• BRIEF: Note how many lines in the following material mention "installed", then give that number by itself.

• LISTED RECORDS:
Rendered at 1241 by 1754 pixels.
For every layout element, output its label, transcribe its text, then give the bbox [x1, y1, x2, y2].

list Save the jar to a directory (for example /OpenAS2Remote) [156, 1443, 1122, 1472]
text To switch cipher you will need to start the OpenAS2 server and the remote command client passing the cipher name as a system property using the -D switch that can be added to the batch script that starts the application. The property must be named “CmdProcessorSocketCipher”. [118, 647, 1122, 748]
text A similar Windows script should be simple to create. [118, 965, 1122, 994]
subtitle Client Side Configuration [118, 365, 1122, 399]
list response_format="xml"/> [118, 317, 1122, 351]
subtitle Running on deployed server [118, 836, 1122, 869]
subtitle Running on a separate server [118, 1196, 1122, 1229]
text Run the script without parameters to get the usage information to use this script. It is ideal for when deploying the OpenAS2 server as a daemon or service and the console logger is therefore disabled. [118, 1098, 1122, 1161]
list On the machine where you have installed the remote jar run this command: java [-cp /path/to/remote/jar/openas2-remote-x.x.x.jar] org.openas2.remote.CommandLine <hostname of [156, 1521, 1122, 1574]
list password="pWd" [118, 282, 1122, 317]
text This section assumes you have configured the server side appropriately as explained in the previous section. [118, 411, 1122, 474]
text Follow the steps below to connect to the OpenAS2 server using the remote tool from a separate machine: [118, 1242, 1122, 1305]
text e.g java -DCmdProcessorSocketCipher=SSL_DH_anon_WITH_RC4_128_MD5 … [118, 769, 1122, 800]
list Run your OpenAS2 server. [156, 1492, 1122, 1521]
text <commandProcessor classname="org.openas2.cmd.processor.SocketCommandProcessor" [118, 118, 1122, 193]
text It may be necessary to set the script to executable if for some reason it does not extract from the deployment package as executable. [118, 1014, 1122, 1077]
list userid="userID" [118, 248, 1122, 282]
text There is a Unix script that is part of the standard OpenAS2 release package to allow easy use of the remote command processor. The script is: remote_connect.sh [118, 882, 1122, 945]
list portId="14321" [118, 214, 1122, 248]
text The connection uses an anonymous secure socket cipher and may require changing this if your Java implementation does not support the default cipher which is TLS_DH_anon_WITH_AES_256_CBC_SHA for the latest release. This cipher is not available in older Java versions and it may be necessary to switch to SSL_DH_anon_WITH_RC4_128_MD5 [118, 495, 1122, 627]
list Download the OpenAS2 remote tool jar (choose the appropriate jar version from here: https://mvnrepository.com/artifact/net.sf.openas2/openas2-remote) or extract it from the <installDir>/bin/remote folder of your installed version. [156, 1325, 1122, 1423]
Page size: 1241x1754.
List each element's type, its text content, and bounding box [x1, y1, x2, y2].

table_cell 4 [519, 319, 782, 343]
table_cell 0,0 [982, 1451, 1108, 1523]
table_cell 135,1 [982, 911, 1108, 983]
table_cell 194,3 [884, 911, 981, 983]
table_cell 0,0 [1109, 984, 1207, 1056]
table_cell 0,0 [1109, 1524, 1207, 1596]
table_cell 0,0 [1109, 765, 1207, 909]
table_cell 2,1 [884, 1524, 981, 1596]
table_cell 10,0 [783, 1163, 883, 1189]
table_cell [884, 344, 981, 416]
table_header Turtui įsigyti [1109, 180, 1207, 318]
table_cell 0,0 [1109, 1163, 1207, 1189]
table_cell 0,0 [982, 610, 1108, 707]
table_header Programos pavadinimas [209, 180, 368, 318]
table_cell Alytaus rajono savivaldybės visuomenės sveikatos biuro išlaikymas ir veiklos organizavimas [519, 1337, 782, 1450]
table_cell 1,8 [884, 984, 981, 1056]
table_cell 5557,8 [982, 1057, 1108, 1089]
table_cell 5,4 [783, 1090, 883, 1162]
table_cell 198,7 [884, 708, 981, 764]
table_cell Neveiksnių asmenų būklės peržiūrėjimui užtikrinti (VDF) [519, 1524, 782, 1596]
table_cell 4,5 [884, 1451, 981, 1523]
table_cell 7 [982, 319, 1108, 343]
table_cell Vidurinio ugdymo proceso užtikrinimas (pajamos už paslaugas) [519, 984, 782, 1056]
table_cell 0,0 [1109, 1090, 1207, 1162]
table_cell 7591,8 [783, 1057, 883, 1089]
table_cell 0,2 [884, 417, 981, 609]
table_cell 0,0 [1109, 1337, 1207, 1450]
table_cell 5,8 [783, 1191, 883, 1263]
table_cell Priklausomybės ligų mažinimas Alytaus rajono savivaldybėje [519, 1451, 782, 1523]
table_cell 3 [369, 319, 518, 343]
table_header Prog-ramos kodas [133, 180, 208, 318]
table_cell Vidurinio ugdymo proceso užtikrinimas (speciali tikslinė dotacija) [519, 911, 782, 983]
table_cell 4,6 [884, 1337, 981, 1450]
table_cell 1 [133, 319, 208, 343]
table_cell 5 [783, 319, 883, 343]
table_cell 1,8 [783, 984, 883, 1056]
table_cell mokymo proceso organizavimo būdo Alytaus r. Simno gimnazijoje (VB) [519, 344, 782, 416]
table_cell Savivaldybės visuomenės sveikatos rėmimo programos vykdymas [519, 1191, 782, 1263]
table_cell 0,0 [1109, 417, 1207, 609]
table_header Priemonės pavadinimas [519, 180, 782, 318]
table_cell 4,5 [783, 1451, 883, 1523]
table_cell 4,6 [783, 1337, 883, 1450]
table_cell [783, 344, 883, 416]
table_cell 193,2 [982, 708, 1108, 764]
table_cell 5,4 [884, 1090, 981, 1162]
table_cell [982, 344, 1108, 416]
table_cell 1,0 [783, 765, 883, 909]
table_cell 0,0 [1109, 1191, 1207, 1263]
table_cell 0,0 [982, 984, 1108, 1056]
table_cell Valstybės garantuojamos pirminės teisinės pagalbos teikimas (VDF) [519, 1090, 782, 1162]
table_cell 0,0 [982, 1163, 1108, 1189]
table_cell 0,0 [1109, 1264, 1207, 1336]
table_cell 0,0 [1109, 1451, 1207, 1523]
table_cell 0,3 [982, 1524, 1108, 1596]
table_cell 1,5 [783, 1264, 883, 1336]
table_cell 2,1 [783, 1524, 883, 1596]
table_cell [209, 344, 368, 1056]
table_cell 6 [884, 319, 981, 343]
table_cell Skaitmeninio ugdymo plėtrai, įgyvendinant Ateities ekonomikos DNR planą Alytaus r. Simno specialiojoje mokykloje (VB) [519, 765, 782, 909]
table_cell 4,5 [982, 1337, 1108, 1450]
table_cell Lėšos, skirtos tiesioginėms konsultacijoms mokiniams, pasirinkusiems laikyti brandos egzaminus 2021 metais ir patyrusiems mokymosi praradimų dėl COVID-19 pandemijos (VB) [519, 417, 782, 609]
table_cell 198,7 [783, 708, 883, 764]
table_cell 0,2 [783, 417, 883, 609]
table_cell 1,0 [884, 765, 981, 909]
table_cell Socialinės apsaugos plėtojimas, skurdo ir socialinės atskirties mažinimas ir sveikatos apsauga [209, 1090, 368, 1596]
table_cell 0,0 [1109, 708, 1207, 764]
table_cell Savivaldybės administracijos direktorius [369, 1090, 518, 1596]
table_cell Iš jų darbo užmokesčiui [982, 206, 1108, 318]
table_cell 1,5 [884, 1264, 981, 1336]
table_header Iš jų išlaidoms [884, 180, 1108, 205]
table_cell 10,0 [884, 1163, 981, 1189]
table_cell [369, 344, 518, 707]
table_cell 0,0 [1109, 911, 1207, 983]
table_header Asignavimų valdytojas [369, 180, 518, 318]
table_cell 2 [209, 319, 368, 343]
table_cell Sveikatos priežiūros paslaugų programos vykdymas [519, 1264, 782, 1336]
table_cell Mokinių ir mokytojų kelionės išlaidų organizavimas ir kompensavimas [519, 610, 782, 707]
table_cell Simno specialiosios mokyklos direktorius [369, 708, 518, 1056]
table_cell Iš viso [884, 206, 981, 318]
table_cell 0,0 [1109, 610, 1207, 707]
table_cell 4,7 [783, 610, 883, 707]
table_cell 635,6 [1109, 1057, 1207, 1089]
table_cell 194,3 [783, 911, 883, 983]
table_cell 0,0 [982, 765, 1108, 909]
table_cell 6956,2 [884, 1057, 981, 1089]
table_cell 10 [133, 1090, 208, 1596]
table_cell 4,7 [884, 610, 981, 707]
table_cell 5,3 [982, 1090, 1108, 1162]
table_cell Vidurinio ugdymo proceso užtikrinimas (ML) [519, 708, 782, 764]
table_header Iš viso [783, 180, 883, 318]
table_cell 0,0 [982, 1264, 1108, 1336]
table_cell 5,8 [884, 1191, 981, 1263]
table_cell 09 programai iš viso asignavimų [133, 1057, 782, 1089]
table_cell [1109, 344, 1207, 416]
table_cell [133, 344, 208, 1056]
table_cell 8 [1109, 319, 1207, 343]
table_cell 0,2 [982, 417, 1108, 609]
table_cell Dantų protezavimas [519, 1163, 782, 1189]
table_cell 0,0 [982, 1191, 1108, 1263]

• RESULT FOR THIS EXERCISE: 2